Physiological adaptions to strength, speed, power Flashcards
List the primary neurological adaptations to strength training?
- improved synchronization and improvement
- increased firing frequency
- decreased autogenic inhibition
- reduced co-activation (agonist and antagonist fired simultaneously)
- cross education training effects: contralateral increase in limb strength
- post-activation potentiation (PAP)
What are the primary muscular adaptations to strength training?
- microdamage: microtears from being under tension
- intracellular signalling: mechanical stretch and force on the muscle stimulates a cascade of events that signal protein synthesis -> hypertrophy
- Hypertrophy: increase CSA
- possible hyperplasia (increase number of cells)
- changes to connective tissue: increased ligament strength and tendon stiffness
- changes in pennation angles
What is post-activation potentiation and how is it used?
- phenomena where a muscles recent contractile history affects its current performance
- small sets of dynamic movement prior to exercise effort (power) e.g. squats to box jump
- caused by:
- increased sensitivity of actin-myosin to Ca2+
- increased synaptic excitation within the spinal cord that allows for increased post-synaptic potentials = greater force development.

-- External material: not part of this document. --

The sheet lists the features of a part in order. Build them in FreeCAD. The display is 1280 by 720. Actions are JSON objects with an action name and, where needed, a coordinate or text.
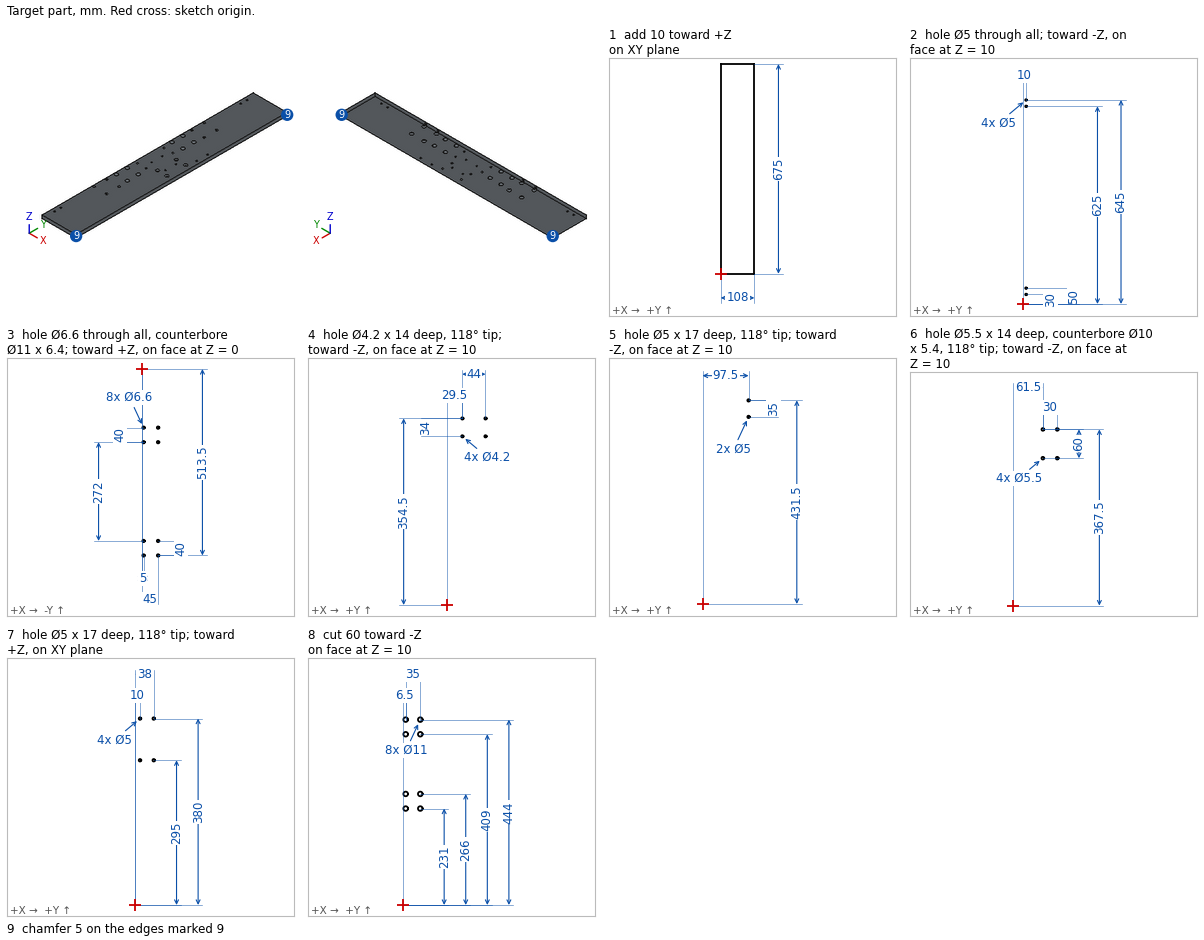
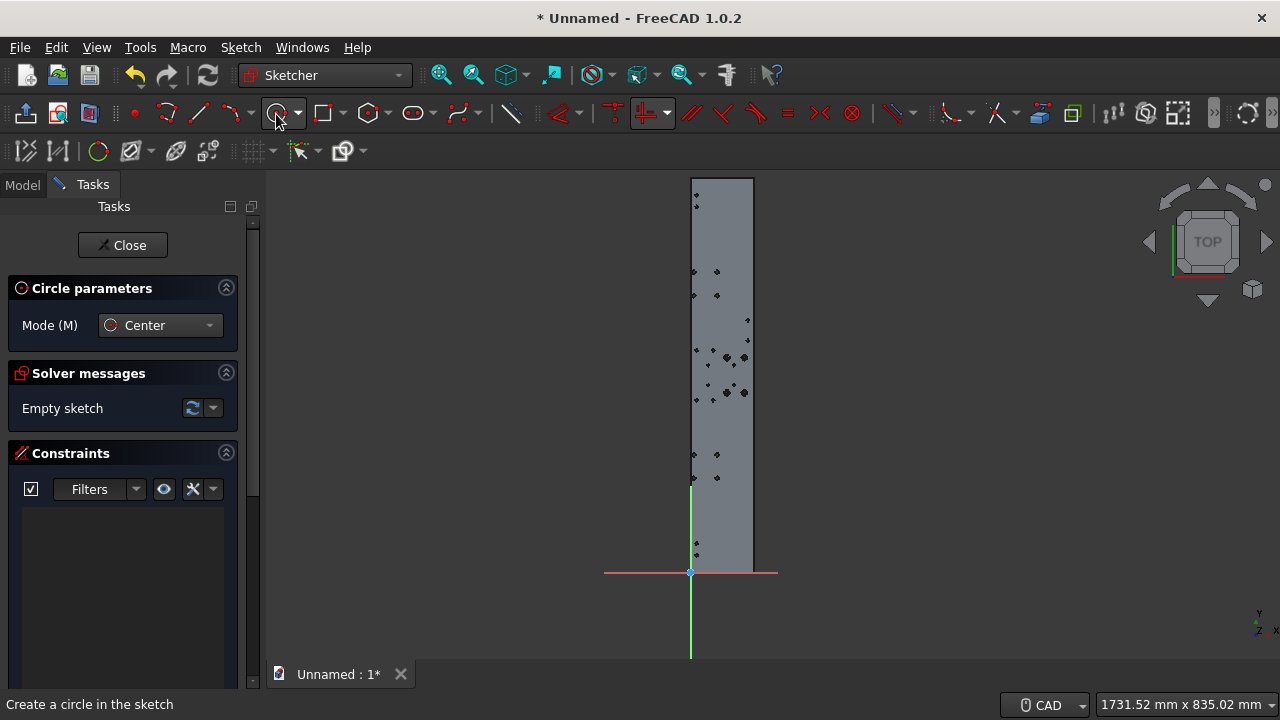
{"action": "scroll", "coordinate": [715, 313], "scroll_direction": "up", "scroll_amount": 10}

What is the intracellular signalling pathway adaptation to strength training?
- resistance training
- muscle stretch increase
- increase in insulin growth factor 1
- increase in Akt (protein kinase)
- increase in mTOR (mammalian target of rapamycin)
- protein synthesis
- muscle hypertrophy
Changes to the anaerobic energy system with strength training?
- no changes to enzymes
- no change to ATP + PCr storage
- possible increase on glycogen stores in muscle
Cardiac adaptations to strength training?
- cardiac hypertrophy
- LV wall, IV septum and IV mass due to increased blood pressure
- concentric hypertrophy
- may be due to steroid use or in proportion to muscle mass
Detail the process of muscular hypertrophy
- What occurs?
- What’s important?
- increase in CSA due to an increase in actin and myosin filaments
- more sarcomeres are laid down
- increase number of sarcomeres leads to increased number of possible cross-bridges = increased forces
- satellite cells proliferate leading to increased myonuclei servicing each fibre
- = increased protein synthesis
- protein synthesis must outpace breakdown to make a size difference
When does hypertrophy occur?
- detectable 3 weeks after training
- occurs with strength/resistance training
- rapid at the start then a gradual process
Explain the concept of the concurrent training effect
- what is it?
- why does it occur?
When endurance training is added to strength training; strength is less developed and the rate of force development is compromised.
Proposed reasons:
- neural adaptations conflicted
- conflicting fibre type adaptations
- interference with protein synthesis pathways required for hypertrophy
Describe the relationship between power and strength
Power is the rapid application of strength. Strength is needed prior to power development training.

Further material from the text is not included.